Any problem to install Linux in my /dev/hda4?
 
Hi,

Here is how my disk is partitioned:

Code:

Disk /dev/hda: 40.0 GB, 40060403712 bytes
255 heads, 63 sectors/track, 4870 cylinders
Units = cylinders of 16065 * 512 = 8225280 bytes

  Device Boot      Start        End      Blocks  Id  System
/dev/hda1              1        974    7823623+  83  Linux
/dev/hda2            975        1097      987997+  82  Linux swap
/dev/hda3            1098        4137    24418800    5  Extended
/dev/hda4            4138        4870    5887822+  83  Linux
/dev/hda5            1098        4137    24418768+  83  Linux

I have Gentoo in /dev/hda1, working fine so far, but wanted to try Debian.

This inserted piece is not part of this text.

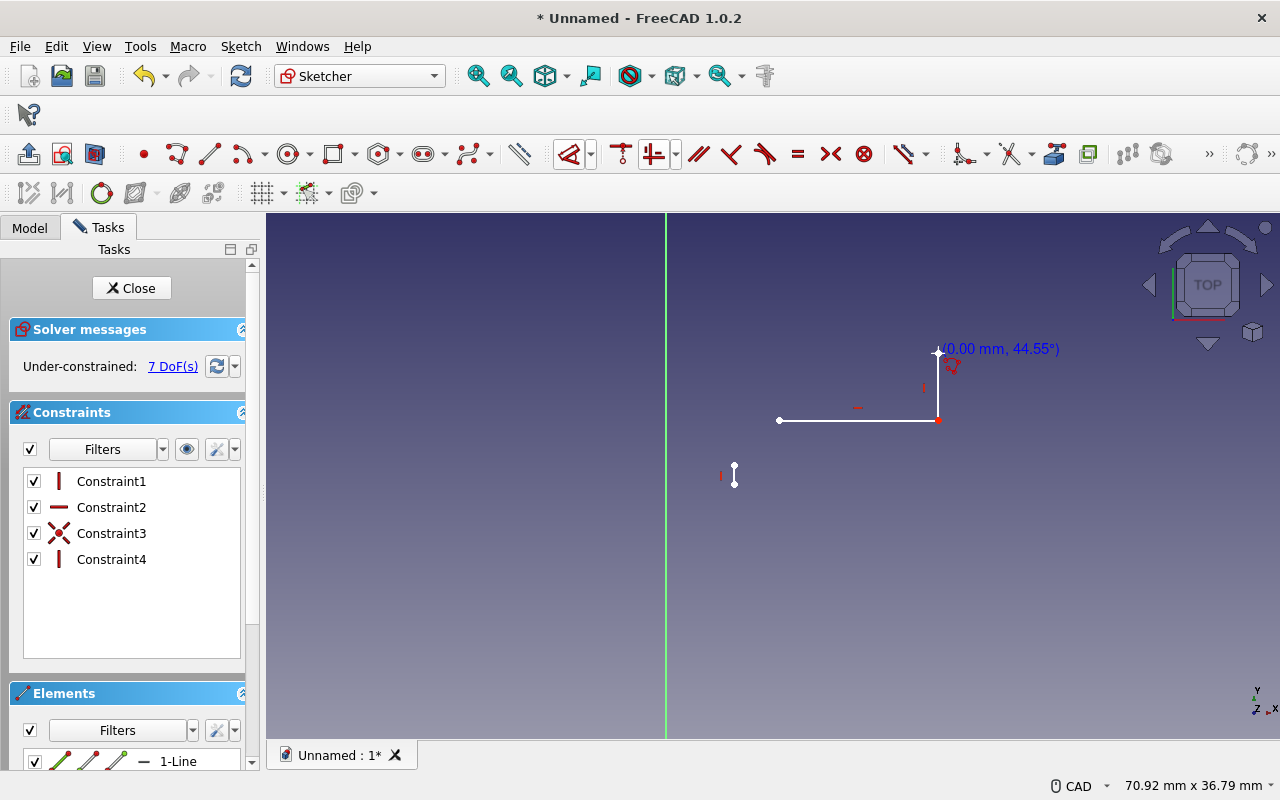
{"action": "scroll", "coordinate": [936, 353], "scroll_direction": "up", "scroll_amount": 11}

Is there any problem to install it in my /dev/hda4? I tried, but is fails.

Thank you very much in advance!

PS: What about removing /dev/hda4 and creating it inside the extended partition? Would it be possible/impossible? I ask this because that was what I had in the beginning, but since the installation failed I changed it to a primary partition. Thanks again...

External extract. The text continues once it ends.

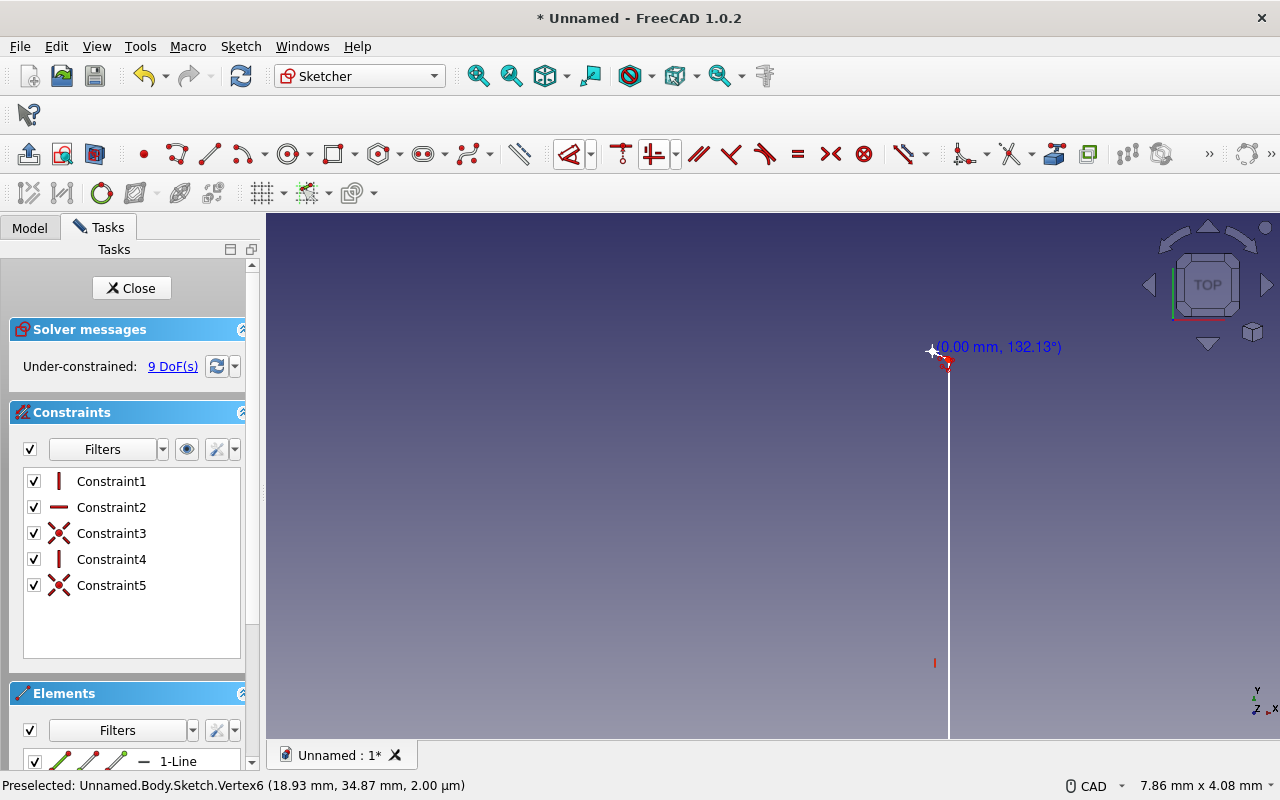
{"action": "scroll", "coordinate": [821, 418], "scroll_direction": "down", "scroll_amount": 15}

bigrigdriver 03-12-2005 03:34 PM

Someone more knowledgeable than I am, please correct me if I am wrong.
If you are using one hard disk, you may have one primary partition, and an extended partition which may be divided into as many sub-partitions as you desire.
I have a 40 G disk set up with one primary, and one extended partition, which is divided into six sub-partitions of the extended partition. I have three OS's installed; one in the primary, and two in the secondary (set up with six sub-partitions) and I have no problems with booting.
So. I'd recommend that you delete hda4 and hda5. Then increase the size of the extended partition to take up the free space. Then partition the extended partition to re-create hda4 and hda5.
I recall something about having only one primary bootable partition, and an extended partition with bootable sub-partitions, but I don't recall what that document was nor where I found it.
My own setup is one primary bootable, an extended with two bootable sub-partitions, and other partitions. Namely, the two extended bootable are the root of their respective OS's, plus partitions for /home and /usr.
At any rate, it works for me.

Boow 03-12-2005 05:00 PM

I think you can have 3 primary and one extended

masonm 03-12-2005 08:13 PM

You can have up to 4 primary partitions on one drive. If you require more than 4 you have to make one an extended partition and then create logical partitions on that one. You're showing 3 primaries, 1 extended, and 1 logical.
You should be able to install a Linux on hda4, at least I can't see a reason why not with that information. What error are you getting?

enemorales 03-13-2005 01:36 AM

Well it fails to create the filesystem. I tried ReiserFS also and didn't work. Well... didn't work until I restarted. I was able to install Debian, but not tu run it. I put

Code:

title=Debian
root (hd0,3)
kernel /boot/vmlinuz-2.4.27-2-686 root=/dev/hda4 initrd=initrd.img-2.4.27-2-686

in my menu.lst for grub. It is able to load the kernel, but then hangs claiming that the root is not properly set. I thought it could be something very stupid (as the kernel without support for ReiserFS), hence tried ext3 again today morning, and got the same problem than yesterday. It fails to create the file system.

Thank you...

enemorales 03-13-2005 01:52 PM

Found that the problem appeared only when started with kernel 2.6. Anything worked fine if 2.4 was used.